As I mentioned the other day, reporters are both repulsed by and attracted to negative campaigning, and I think that probably goes for most of us as well. On one hand, we want to say, "Tut, tut, you shouldn't be doing that." On the other hand, not only can't we look away, but we desperately want our own favored candidate to go negative, so we can get the visceral satisfaction from watching our disfavored candidate get assaulted. It's analogous to the way we feel when watching a movie or reading a story: if the bad guy doesn't get killed in the end, we're left feeling unsatisfied.
But we also have a series of campaign conventions regarding what kind of behavior is acceptable that have little or nothing to justify them. One that has always mystified me is the idea that it's impolite to mention your opponent by name. Instead, you're supposed to say "my opponent" and speak of "the other party," as if to make clear whom you're talking about is somehow rude. This is supposed to be doubly true for the president, for whom it is perfectly acceptable to criticize the guy running to take his job, but unseemly to do so by saying the man's name. So today The New York Times dutifully rounds up a bunch of people expressing their displeasure that the word "Romney" has passed Barack Obama's lips in such a vulgar fashion:
But some veterans of past campaigns, particularly Republicans, questioned whether it would take some of the sheen off Mr. Obama's stature as president. Rather than appearing above the fray, Mr. Obama may look like just another officeseeker.
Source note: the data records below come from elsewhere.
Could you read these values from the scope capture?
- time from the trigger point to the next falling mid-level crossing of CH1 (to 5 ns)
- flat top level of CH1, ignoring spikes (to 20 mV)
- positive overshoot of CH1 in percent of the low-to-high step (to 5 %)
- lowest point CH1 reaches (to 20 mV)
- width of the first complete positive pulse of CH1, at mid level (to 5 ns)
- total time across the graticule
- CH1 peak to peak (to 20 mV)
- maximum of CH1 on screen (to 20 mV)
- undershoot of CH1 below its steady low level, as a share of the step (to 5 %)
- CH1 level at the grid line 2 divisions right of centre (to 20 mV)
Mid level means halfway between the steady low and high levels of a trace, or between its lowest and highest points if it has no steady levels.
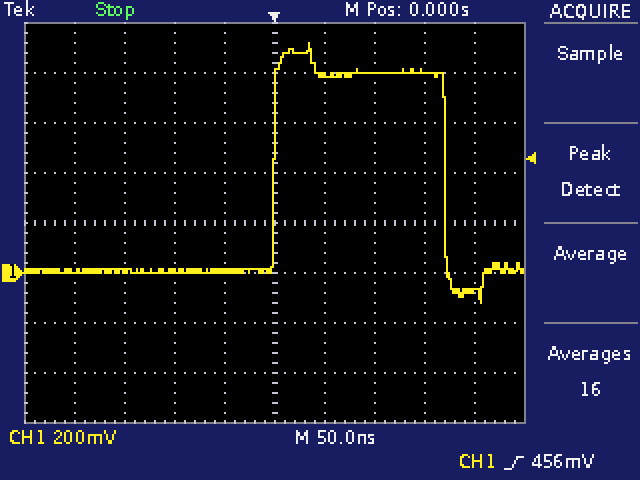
170 ns
800 mV
15 %
-120 mV
170 ns
500 ns
1.04 V
920 mV
15 %
800 mV
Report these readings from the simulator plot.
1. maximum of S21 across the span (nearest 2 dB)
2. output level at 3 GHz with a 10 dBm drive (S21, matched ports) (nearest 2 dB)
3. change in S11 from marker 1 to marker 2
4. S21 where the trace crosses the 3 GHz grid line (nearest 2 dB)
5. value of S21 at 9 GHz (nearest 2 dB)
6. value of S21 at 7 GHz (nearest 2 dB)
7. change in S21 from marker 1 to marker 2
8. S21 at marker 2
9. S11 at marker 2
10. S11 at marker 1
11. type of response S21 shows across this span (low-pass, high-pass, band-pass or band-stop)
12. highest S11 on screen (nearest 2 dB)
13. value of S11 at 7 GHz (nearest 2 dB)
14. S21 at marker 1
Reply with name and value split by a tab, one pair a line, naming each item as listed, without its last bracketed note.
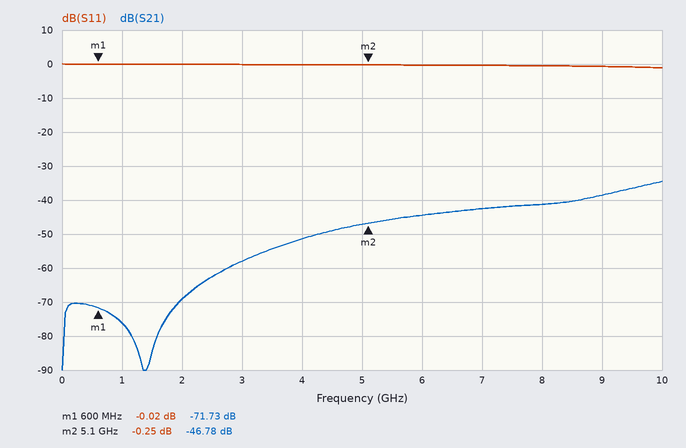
maximum of S21 across the span	-34 dB
output level at 3 GHz with a 10 dBm drive (S21, matched ports)	-48 dBm
change in S11 from marker 1 to marker 2	-0.23 dB
S21 where the trace crosses the 3 GHz grid line	-58 dB
value of S21 at 9 GHz	-38 dB
value of S21 at 7 GHz	-42 dB
change in S21 from marker 1 to marker 2	24.95 dB
S21 at marker 2	-46.78 dB
S11 at marker 2	-0.25 dB
S11 at marker 1	-0.02 dB
type of response S21 shows across this span	high-pass
highest S11 on screen	0 dB
value of S11 at 7 GHz	0 dB
S21 at marker 1	-71.73 dB
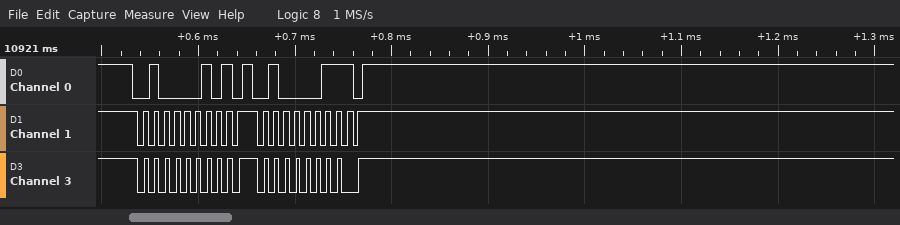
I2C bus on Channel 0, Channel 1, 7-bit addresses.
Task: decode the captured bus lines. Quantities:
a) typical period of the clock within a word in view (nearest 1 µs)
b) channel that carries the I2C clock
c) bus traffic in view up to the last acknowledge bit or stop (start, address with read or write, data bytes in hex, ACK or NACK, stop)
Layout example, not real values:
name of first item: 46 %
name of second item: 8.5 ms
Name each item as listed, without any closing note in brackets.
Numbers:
typical period of the clock within a word in view: 11 µs
channel that carries the I2C clock: Channel 1
bus traffic in view up to the last acknowledge bit or stop: start, address 21 write NACK, stop, start, address 21 read NACK, stop

Sara Fagen, an adviser to President George W. Bush during his 2004 campaign against Senator John Kerry, and later the White House political director, said the campaign was conscious to avoid that. "He almost never mentioned him and certainly not this early," she said. "President Bush understood it diminished the office by going after his opponent directly."
That does not mean Mr. Bush's campaign went soft on Mr. Kerry. But the president largely left it to others to be so direct until summer. Vice President Dick Cheney opened the debate with a sharp speech criticizing Mr. Kerry in March 2004 at the same time the campaign began airing its first negative advertisements. When Mr. Bush criticized Mr. Kerry, he generally used phrases like "my opponent." Only in July did he start naming him regularly.
That was the case for previous presidents like Ronald Reagan in 1984 and Bill Clinton in 1996.
Oh please. Here's the thing: this is a democracy. If the president wants a second term, he has to campaign for it. And the idea that the "stature" of his office is intact if he says "My opponent is wrong," but terribly damaged if he says, "Governor Romney is wrong" is just ridiculous. Nobody ever explains why one is supposed to be preferable to the other, and there is not a shred of evidence that voters react negatively to the president using his opponent's name. No one out there in the country thinks it's weird or beneath the office. The only people who ever say that are people from the other party pretending to disapprove. Voters may be stupid, but they aren't that stupid.